Yes, the insurer’s risk appetite is back, so we suggest if you don’t already have credit insurance, now might be a good time to explore what a policy can do to enhance a growing business. Even if you are already insured, we suggest you engage a broker that specialises in credit insurance in order to get the maximum benefit from your policy. They should be proactive in getting the right terms for you and should be there each step of the way, getting you the cover you need to meet the uplift in demand. They will cost you nothing as they are paid by the insurer for their work; just be sure to appoint an independent broker so you are getting a balanced opinion.

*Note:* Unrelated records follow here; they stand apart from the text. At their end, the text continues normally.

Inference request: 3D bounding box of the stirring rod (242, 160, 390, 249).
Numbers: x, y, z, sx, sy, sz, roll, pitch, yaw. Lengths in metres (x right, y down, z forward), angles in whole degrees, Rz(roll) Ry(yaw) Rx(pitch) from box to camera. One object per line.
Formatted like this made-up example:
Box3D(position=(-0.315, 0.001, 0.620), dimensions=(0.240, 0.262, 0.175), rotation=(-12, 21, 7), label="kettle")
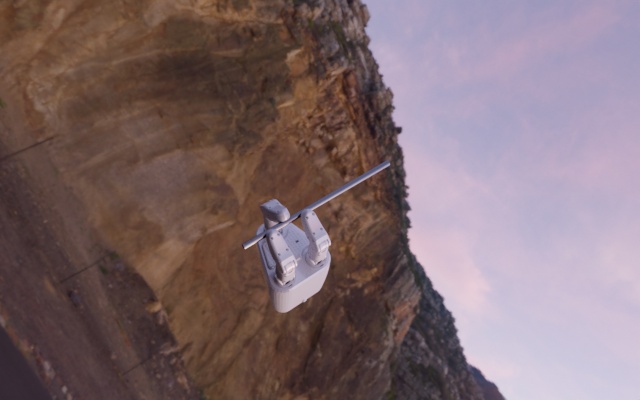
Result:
Box3D(position=(0.000, 0.002, 0.644), dimensions=(0.239, 0.011, 0.011), rotation=(-30, 12, -21), label="stirring rod")
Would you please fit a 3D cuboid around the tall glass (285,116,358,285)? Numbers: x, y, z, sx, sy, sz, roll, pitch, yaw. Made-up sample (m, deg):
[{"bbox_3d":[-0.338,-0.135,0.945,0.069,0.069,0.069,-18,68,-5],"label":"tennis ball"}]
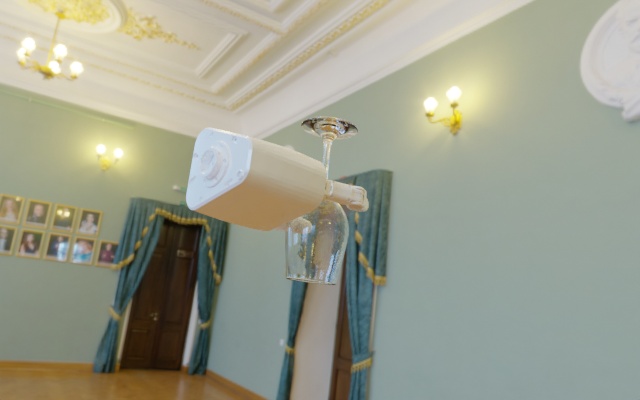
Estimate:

Many international suppliers to Irish businesses are insured as they are not willing to take the risk of non-payment. Indeed, if one or more customers owe you more than you can afford to lose, you should consider insuring. Everyone is capable of managing their own business, but can you rely on your customers being able to manage theirs?
How does it work?
After a brief meeting with a specialist broker, a credit risk analysis, including a debtor profile, is provided to the market of insurance companies. Of course, you can approach each insurer yourself directly, they all have a simple questionnaire to be completed. Your key buyers are allocated grades that reflect their creditworthiness and, based on this risk assessment, an insured credit limit is allocated on each debtor.

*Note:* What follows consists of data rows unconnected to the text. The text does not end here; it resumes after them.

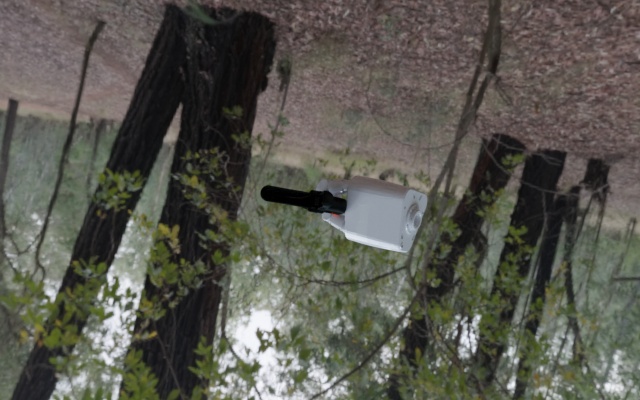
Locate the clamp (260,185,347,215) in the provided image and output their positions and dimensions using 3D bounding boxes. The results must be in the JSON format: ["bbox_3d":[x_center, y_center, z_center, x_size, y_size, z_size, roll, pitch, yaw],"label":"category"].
[{"bbox_3d":[0.000,0.003,0.764,0.120,0.039,0.171,12,2,36],"label":"clamp"}]
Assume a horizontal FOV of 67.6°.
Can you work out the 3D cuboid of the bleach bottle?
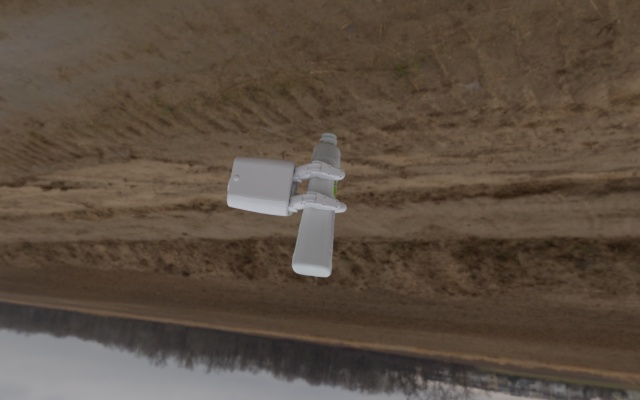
[{"bbox_3d":[0.000,0.003,0.850,0.068,0.250,0.103,7,-18,3],"label":"bleach bottle"}]
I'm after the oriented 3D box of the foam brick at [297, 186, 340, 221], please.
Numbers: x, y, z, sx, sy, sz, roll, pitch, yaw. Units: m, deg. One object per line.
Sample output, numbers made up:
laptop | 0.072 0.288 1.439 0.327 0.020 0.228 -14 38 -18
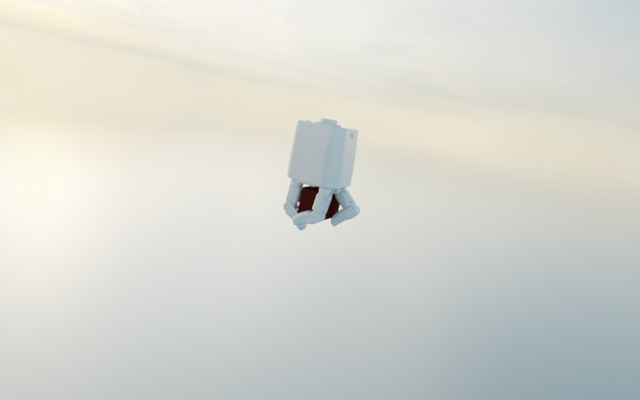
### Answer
foam brick | 0.000 0.003 0.886 0.053 0.051 0.078 16 12 21

Based on key factors, such as your volume of credit sales, an insurance premium is determined by the insurer(s). This can be paid monthly or quarterly in advance. If you choose a policy that suits your business, the next step is to apply for cover on your full debtor book. This can be done via the insurer’s online system by you or by your broker/account manager.
Throughout the lifetime of the policy, the insured is informed of any changes to their buyers, be this a positive (improved financial information) or negative (poor payment performance with another insured party). If your buyer cannot, or will not, pay for an invoice, you are covered up to your insured credit limit for that buyer. Collection of the debt can be managed via the insurer,which enables you to focus on the customers that do pay you on time.

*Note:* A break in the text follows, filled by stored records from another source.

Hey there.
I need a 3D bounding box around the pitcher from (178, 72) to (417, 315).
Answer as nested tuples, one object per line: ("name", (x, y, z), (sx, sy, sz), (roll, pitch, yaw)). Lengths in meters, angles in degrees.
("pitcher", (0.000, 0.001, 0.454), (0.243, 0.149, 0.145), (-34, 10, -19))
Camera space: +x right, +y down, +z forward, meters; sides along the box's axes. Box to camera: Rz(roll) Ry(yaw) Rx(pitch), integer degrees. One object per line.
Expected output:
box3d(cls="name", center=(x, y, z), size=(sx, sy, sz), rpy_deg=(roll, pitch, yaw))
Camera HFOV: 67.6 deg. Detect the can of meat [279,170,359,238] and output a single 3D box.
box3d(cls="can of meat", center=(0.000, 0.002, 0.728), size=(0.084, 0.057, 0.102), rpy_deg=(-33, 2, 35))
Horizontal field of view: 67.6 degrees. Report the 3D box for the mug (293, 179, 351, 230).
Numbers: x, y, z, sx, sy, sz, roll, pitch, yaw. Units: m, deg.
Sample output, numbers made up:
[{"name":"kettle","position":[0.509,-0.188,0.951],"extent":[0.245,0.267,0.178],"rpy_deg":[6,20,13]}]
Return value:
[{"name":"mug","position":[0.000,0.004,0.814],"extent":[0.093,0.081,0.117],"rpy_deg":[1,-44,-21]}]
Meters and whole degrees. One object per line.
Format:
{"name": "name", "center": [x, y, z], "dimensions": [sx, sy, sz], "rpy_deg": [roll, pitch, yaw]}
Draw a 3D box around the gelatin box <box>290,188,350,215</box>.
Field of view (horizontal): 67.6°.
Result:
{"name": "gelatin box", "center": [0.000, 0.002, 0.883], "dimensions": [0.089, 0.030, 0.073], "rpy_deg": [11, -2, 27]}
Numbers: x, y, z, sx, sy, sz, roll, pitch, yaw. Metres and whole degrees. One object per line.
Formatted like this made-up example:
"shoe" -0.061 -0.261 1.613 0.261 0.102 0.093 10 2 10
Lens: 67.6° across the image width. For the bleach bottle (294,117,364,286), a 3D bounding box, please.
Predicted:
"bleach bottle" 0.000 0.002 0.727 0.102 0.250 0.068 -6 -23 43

However, in the event that the debt is not collectable in a reasonable timeframe, or indeed if the buyer is insolvent, a claim will be paid by the insurer in the following weeks. It would be normal to be paid out up to 90% of the outstanding debt provided you had a limit in place and you reported the overdue on time as had been agreed with the insurer at the beginning of your policy.
This Business Support article featured in the September/October 2016 edition of The Hardware Journal.